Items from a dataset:
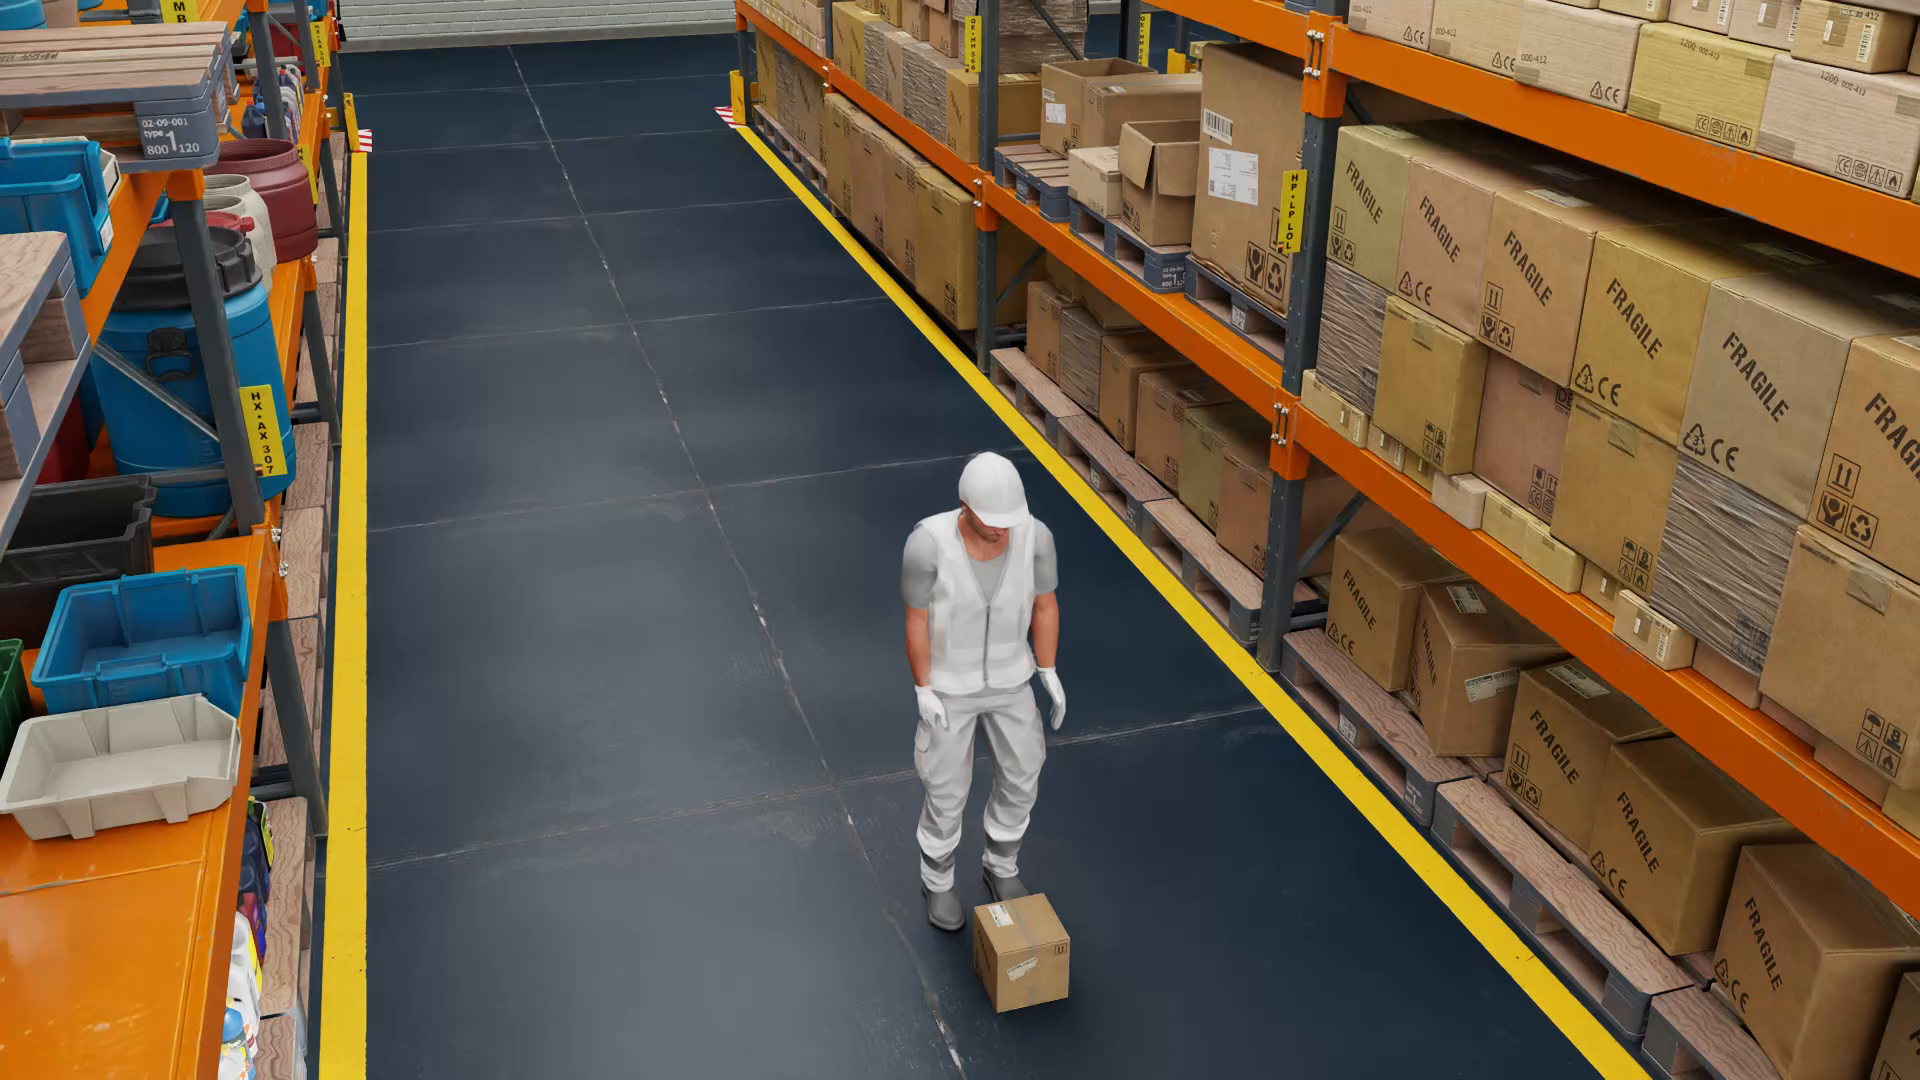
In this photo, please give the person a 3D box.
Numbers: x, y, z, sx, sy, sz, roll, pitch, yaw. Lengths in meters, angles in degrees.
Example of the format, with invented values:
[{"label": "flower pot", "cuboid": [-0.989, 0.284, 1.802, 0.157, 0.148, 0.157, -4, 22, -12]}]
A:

(Problem to solve):
Return every entry above exactly as written, minus the pictures.

(Result of the exercise):
In this photo, please give the person a 3D box.
Numbers: x, y, z, sx, sy, sz, roll, pitch, yaw. Lengths in meters, angles in degrees.
Example of the format, with invented values:
[{"label": "flower pot", "cuboid": [-0.989, 0.284, 1.802, 0.157, 0.148, 0.157, -4, 22, -12]}]
A:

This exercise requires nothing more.